His eyes were fixed on mine. ‘You’ve met him. You’ve talked to him. I’m sending you out there. See if you can get through to him.’

‘But—’ I was thinking of the dhow, the way I’d left the ship. ‘How?’ I asked. ‘How do you mean — get through to him?’

‘Tigris is sending a helicopter for you. It’s already been flown off so it should be here any minute. Now about this story of somebody flashing a light from one of the tankers. Saltley here says you and a young man on this yacht both thought it was some sort of signal. Morse code. Is that right?’

‘I didn’t see it myself,’ I said, and started to tell him about the circumstances.
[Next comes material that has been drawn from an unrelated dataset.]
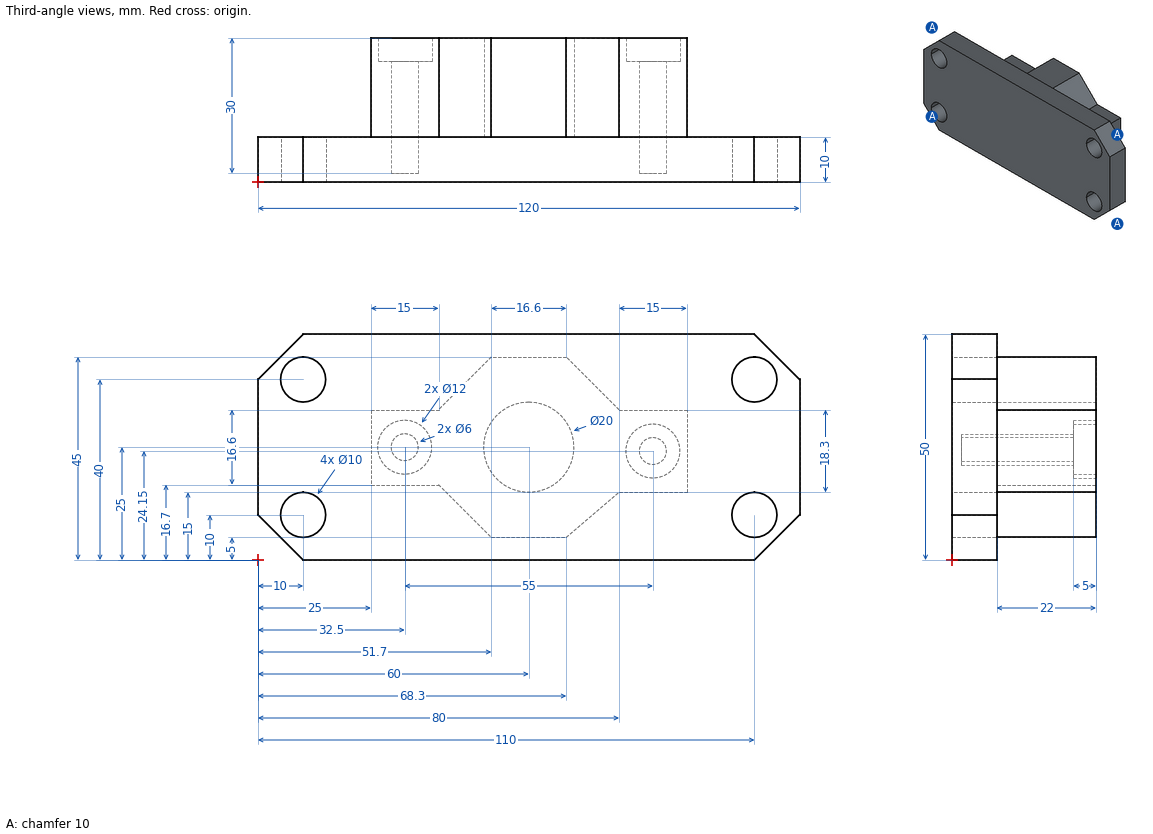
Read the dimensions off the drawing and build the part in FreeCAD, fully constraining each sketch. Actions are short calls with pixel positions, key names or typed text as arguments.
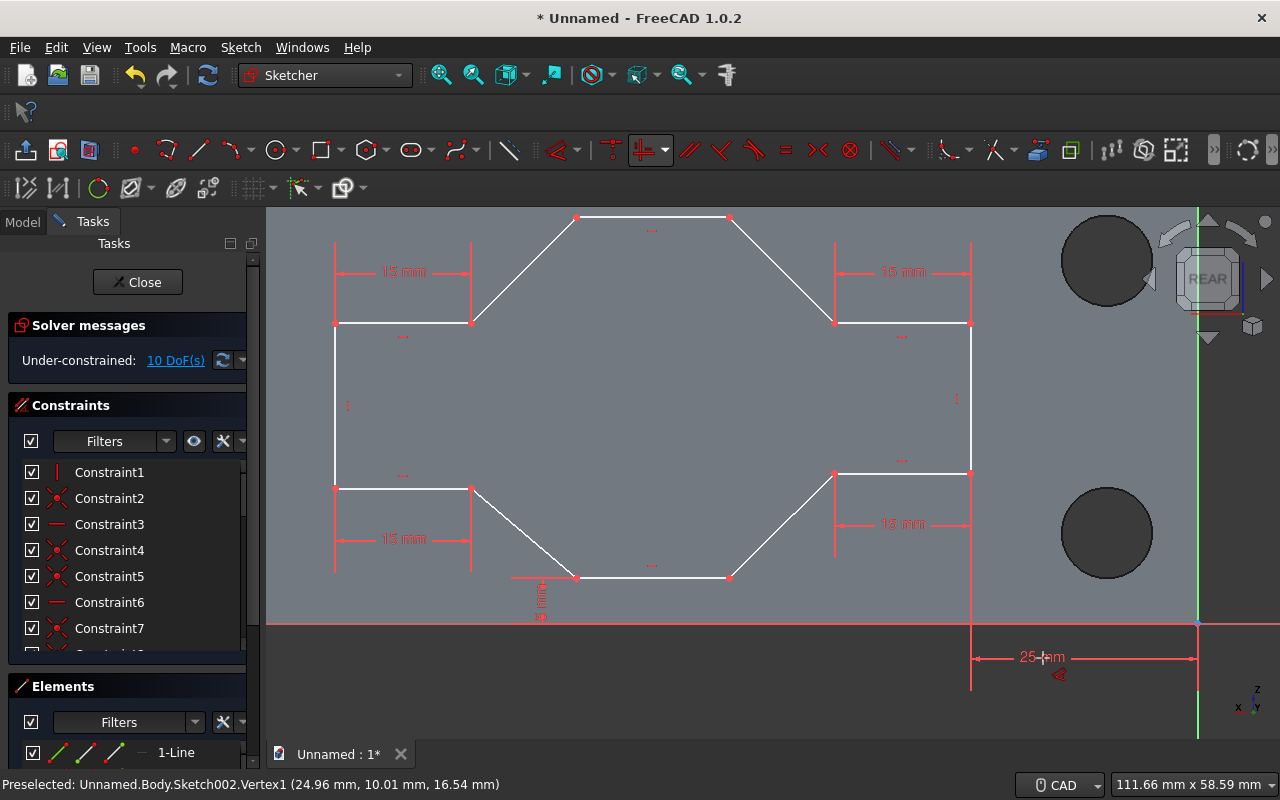
scroll(579, 582, down, 2)

But he brushed that aside. ‘The letter M, that’s what Saltley here has just told me. Is that right?’

‘Several quick flashes, then two longs,’ I said. ‘We were in the tanker’s wake then—’

‘Two longs, that’s M in Morse, is it?’

‘Or two Ts. But we were being flung about—’

‘You think it could have been part of a name.’ He turned to Saltley again. ‘One of the crew held prisoner on board signalling with a torch or a light switch, trying to give you the destination.’ He moved forward so that he was standing by the radar monitor, his eyes fastening on me again. ‘What do you say, Rodin? You stated quite categorically that in the case of the Aurora B, members of the crew were being held prisoner. Was this an attempt, do you think, to communicate and give you the target these terrorists are aiming at?’

‘It’s a possibility,’ I said.

‘No more than a possibility?’ He nodded slowly. ‘And the only one to see it was this boy. In a panic, was he? You’d nearly been run down.’